[MATERIAL FOR THE TASK]

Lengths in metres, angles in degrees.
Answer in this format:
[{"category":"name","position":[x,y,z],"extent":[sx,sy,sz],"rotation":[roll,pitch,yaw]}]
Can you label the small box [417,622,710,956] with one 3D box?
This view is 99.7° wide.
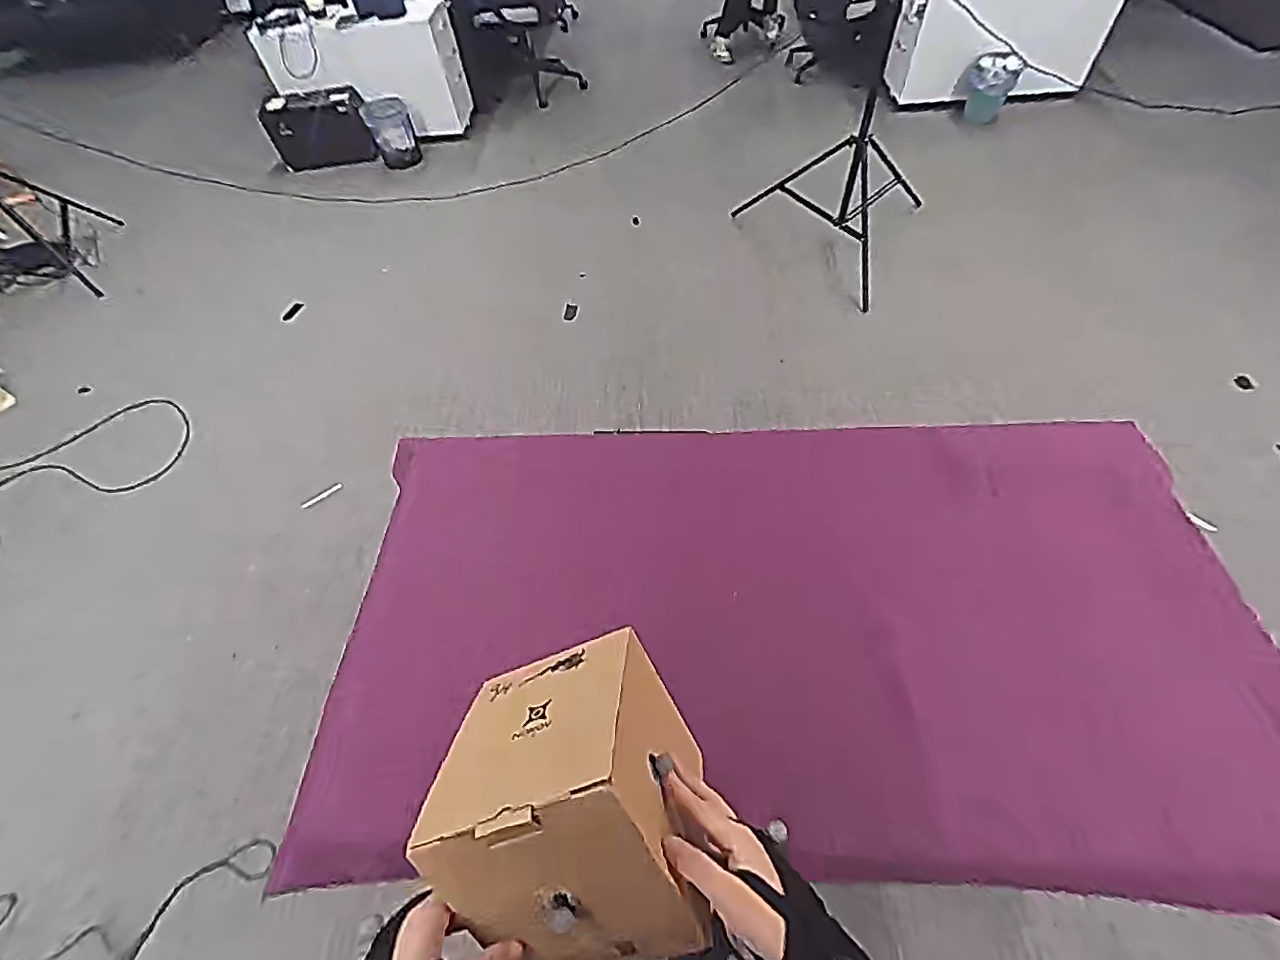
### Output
[{"category":"small box","position":[-0.047,0.263,0.468],"extent":[0.168,0.176,0.179],"rotation":[-24,16,11]}]
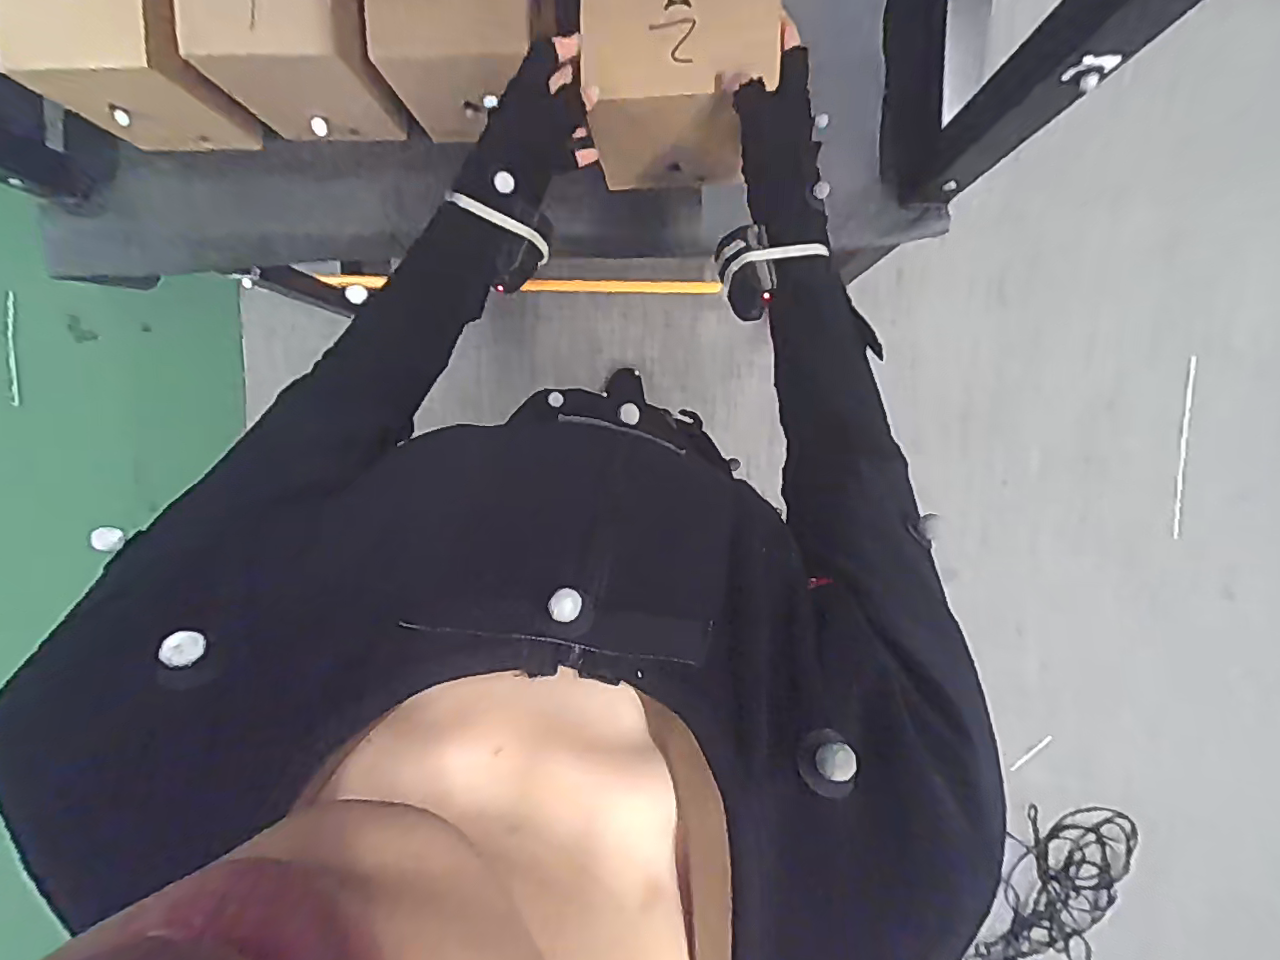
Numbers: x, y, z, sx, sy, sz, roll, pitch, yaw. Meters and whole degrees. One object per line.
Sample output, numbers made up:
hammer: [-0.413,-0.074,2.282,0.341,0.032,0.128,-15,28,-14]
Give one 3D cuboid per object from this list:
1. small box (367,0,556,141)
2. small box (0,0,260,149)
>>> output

[/MATERIAL FOR THE TASK]

> [YOUR GOAL]:
Your task is to restate every record word for word. Omit all pictures.

> [EXERCISE RESULT]:
Lengths in metres, angles in degrees.
Answer in this format:
[{"category":"name","position":[x,y,z],"extent":[sx,sy,sz],"rotation":[roll,pitch,yaw]}]
Can you label the small box [417,622,710,956] with one 3D box?
This view is 99.7° wide.
### Output
[{"category":"small box","position":[-0.047,0.263,0.468],"extent":[0.168,0.176,0.179],"rotation":[-24,16,11]}]
Numbers: x, y, z, sx, sy, sz, roll, pitch, yaw. Meters and whole degrees. One object per line.
Sample output, numbers made up:
hammer: [-0.413,-0.074,2.282,0.341,0.032,0.128,-15,28,-14]
Give one 3D cuboid per object from this list:
1. small box (367,0,556,141)
2. small box (0,0,260,149)
>>> output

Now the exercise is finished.